• _Task description_: Set down again exactly the lines of the listing below that fall between the line holding "Page size: 1241x1754." and the line holding "Identify the document", inclusive.

Exercise inputs Block Start

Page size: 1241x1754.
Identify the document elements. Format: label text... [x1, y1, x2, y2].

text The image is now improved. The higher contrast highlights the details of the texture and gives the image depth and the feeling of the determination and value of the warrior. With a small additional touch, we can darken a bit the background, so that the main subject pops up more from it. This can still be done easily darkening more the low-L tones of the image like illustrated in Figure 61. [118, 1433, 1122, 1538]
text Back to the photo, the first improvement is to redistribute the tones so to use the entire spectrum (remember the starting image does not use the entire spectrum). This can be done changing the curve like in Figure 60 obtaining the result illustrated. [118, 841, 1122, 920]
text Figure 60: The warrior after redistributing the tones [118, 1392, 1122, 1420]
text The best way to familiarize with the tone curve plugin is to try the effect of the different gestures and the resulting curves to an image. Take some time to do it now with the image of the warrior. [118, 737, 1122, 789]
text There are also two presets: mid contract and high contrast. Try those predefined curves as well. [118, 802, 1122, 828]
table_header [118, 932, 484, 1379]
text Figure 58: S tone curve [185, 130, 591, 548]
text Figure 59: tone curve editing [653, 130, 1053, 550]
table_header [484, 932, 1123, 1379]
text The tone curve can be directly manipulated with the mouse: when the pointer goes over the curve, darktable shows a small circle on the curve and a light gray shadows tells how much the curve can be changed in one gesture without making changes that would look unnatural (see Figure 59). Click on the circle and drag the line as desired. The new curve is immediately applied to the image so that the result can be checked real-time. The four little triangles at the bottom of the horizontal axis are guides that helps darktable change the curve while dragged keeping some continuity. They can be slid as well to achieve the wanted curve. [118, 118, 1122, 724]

Exercise inputs Block End
Exercise inputs Block Start

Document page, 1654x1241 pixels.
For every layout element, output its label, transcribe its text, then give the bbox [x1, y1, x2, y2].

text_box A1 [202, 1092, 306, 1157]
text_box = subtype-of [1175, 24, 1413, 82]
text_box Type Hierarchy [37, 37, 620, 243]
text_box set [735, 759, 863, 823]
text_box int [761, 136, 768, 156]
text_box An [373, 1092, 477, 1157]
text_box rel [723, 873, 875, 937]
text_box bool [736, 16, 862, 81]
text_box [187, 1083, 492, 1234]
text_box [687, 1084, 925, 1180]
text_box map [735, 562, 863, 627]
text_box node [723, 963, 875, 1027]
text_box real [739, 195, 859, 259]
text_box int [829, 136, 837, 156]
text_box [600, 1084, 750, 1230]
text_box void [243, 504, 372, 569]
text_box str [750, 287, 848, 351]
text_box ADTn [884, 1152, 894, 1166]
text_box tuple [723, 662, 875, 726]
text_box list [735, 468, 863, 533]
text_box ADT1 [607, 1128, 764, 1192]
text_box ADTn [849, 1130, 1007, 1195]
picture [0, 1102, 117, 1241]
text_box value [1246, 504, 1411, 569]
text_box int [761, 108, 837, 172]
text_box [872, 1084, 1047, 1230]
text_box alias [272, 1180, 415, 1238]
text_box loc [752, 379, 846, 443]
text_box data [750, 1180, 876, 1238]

Exercise inputs Block End

• _Solution for this exercise_:
Page size: 1241x1754.
Identify the document elements. Format: label text... [x1, y1, x2, y2].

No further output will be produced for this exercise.